Whenever a line in the listing contains "side", copy that line.

------------------------------------

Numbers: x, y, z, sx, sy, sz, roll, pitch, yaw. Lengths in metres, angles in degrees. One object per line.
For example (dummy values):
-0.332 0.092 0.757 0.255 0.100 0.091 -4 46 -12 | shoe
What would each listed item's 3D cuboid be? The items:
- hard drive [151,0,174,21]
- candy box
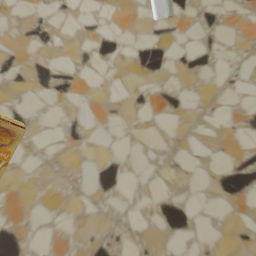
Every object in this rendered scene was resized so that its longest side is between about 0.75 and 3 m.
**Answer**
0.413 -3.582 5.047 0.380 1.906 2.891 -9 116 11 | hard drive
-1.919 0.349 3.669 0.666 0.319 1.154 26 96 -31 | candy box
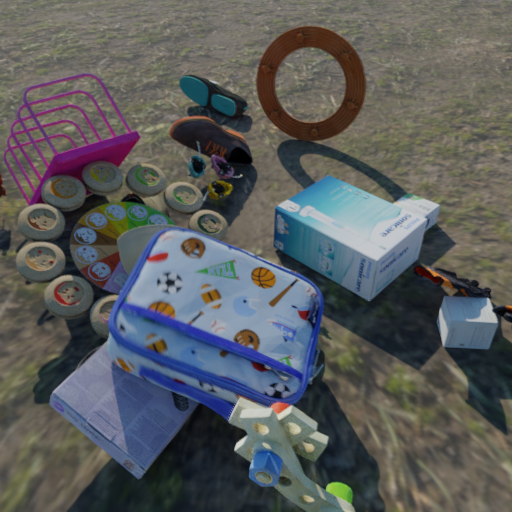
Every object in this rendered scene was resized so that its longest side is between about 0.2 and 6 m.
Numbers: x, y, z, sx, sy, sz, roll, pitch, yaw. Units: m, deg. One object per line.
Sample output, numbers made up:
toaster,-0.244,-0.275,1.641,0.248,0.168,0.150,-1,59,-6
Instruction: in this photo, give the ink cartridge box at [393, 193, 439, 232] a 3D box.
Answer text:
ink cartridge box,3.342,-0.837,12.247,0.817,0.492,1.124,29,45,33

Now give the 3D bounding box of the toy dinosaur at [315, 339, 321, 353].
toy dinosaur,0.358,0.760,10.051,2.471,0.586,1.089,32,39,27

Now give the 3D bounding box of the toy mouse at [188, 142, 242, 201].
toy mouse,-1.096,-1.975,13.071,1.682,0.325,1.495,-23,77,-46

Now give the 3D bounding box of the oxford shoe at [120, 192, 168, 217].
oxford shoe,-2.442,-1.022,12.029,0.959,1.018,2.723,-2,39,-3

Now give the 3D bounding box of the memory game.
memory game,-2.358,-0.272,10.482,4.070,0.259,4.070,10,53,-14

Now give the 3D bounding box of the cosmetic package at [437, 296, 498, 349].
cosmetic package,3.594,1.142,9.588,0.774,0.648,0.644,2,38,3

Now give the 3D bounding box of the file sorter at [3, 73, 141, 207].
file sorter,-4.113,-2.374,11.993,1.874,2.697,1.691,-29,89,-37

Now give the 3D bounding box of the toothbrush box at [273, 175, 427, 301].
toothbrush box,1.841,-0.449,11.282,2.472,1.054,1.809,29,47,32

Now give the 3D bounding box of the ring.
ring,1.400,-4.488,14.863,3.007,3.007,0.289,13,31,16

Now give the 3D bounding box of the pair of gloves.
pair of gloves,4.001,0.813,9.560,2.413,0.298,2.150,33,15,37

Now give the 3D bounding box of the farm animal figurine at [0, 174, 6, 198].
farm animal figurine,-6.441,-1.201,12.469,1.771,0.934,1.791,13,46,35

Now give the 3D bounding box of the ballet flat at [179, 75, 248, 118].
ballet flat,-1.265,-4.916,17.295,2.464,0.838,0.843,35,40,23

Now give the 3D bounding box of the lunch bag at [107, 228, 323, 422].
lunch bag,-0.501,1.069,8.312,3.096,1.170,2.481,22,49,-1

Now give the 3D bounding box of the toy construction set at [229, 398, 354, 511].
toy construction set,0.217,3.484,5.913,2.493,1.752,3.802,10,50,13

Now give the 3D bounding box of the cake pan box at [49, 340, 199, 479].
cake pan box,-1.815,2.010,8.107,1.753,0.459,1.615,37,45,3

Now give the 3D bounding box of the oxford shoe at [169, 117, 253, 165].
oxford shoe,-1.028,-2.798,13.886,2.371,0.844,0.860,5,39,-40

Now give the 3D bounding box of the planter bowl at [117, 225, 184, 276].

------------------------------------

Result of the exercise:
Every object in this rendered scene was resized so that its longest side is between about 0.75 and 3 m.
Every object in this rendered scene was resized so that its longest side is between about 0.2 and 6 m.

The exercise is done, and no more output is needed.